How to complete this task>
Below are the records; copy out every line that holds the word "image".

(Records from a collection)
[Start of section]

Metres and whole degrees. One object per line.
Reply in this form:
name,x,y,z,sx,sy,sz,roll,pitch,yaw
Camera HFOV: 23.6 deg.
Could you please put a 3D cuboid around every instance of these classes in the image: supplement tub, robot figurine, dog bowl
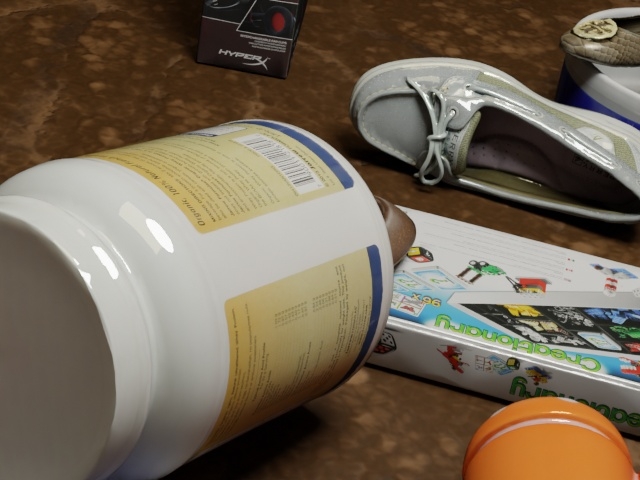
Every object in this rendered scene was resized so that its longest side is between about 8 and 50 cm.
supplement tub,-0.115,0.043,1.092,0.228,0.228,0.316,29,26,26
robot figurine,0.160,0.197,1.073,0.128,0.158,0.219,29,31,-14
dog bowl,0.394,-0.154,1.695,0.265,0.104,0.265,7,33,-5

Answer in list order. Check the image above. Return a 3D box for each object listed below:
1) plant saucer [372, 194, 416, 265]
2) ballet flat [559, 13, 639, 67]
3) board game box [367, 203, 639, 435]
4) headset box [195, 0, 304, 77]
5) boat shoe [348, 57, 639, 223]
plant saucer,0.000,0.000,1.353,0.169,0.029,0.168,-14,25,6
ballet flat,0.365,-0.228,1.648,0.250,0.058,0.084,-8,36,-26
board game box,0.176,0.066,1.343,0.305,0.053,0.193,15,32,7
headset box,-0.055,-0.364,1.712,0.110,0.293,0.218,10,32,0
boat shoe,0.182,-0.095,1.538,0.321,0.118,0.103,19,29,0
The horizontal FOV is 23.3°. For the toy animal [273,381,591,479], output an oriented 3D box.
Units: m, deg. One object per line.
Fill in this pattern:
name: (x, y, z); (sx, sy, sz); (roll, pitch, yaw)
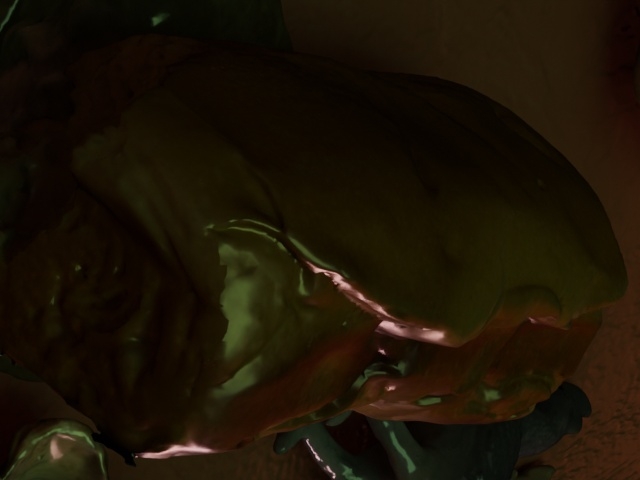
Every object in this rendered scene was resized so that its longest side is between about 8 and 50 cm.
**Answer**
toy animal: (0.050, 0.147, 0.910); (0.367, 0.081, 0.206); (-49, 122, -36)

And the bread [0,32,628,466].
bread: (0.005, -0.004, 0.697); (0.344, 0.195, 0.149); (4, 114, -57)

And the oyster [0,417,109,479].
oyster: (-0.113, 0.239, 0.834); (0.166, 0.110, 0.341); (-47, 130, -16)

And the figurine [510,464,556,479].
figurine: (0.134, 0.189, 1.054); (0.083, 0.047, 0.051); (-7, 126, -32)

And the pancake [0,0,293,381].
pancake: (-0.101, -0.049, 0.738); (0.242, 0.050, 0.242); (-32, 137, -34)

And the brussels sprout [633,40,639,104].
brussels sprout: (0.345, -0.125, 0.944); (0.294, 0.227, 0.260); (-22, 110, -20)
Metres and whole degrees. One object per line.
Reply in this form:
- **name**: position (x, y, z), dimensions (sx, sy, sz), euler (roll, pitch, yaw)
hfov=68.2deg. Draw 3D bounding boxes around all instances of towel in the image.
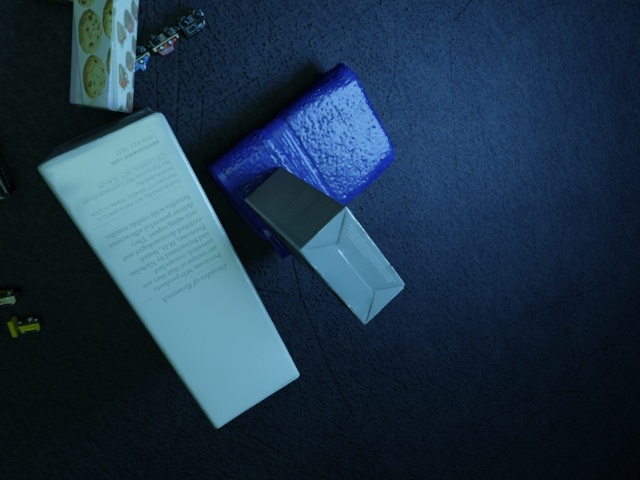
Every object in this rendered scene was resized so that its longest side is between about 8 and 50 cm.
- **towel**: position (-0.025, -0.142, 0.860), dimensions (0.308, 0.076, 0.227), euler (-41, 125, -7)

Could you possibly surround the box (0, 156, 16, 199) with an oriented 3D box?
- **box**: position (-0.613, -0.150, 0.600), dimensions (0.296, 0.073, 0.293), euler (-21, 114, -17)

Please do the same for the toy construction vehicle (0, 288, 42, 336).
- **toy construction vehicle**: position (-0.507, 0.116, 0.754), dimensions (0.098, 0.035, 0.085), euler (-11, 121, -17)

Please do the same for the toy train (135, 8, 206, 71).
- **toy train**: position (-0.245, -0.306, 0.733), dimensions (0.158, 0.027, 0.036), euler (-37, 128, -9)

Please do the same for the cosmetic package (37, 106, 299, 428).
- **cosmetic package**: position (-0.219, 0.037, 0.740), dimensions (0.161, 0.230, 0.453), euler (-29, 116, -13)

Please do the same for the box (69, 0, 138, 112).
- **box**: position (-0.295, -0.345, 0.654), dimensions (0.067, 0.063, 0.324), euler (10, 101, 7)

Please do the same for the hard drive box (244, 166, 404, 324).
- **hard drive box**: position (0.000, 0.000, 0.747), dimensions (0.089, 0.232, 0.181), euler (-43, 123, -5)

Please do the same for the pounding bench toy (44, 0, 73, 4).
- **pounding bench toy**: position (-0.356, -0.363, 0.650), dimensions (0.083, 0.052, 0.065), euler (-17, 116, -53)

[End of section]

Exercise output>
Could you please put a 3D cuboid around every instance of these classes in the image: supplement tub, robot figurine, dog bowl
Answer in list order. Check the image above. Return a 3D box for each object listed below:
hfov=68.2deg. Draw 3D bounding boxes around all instances of towel in the image.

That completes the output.